When my book “iceberg tea” first came out, people would look at me like I was an angel who had recently descended from heaven. “You’re published,” they would say, with awe in the voices. I’d look back askance and say, “I’ve been published for 30 years. All that’s changed is the packaging.”
There is a mystique about publishing a book and all the stuff that I’d published in newspapers and magazines, including all of the stories in “iceberg tea” which were originally published as columns, didn’t seem to matter. You’re not a real author until you have a book.
To be honest, I’ve bought into that mystique myself. Why else would I have been wanting to publish a book for nearly as long as I’ve been writing? To be really honest, I’ve always had an inferiority complex as a writer because I hadn’t published a book.
It never made any sense.
The process is the same whether you’re writing a book or a magazine article: you sit in front of a computer in a room by yourself and either laugh manically or weep uncontrollably as you pound out the words; or you sit in front of the computer and wonder why you’re such an idiot because you can’t think of a single word to write. And just because something is published in a book doesn’t make it good—in fact some magazine articles are better crafted and more interesting than many books. They can also have bigger readerships.

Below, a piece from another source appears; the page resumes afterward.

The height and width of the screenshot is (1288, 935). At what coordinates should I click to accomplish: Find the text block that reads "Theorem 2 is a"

None of that matters to the critic that remains camped out in a shady corner of my mind no matter how many years I’ve tried to get rid of him. He would often go to sleep, but when somebody would say raise an eyebrow when I identified myself as a magazine writer he would wake up and hiss “you are nothing unless you have a book.”
Now that I have a book, I have to admit to certain elation when I see the piles of my own books in the book store. There is a lightness in my step and I feel a little more real a bit more three-dimensional than I did before.

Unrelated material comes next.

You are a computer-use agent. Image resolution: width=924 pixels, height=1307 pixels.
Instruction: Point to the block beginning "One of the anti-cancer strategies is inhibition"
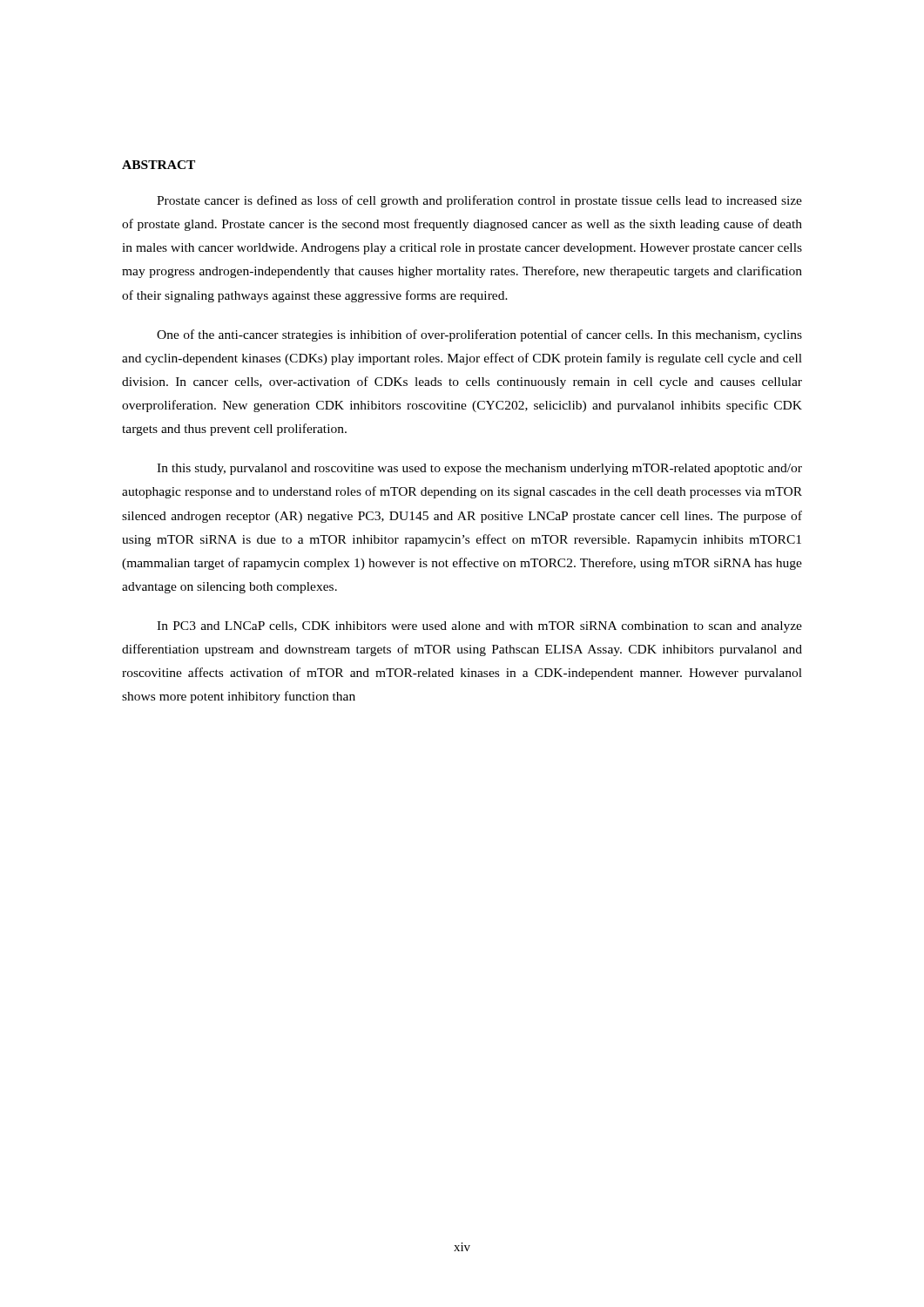(462, 381)

Bit at the same time as the world (and myself) finally sees me as a legitimate writer, I am spending less time writing, and more time being an author—promoting myself and my book. At least so far. I find myself asking: “isn’t writing what the whole thing was supposed to be about in the first place?”
It’s all very strange.
Annelies, you are an angel. Reading this made me feel I am not alone with all these emotions I have in me about writing. You are an angel who inspires.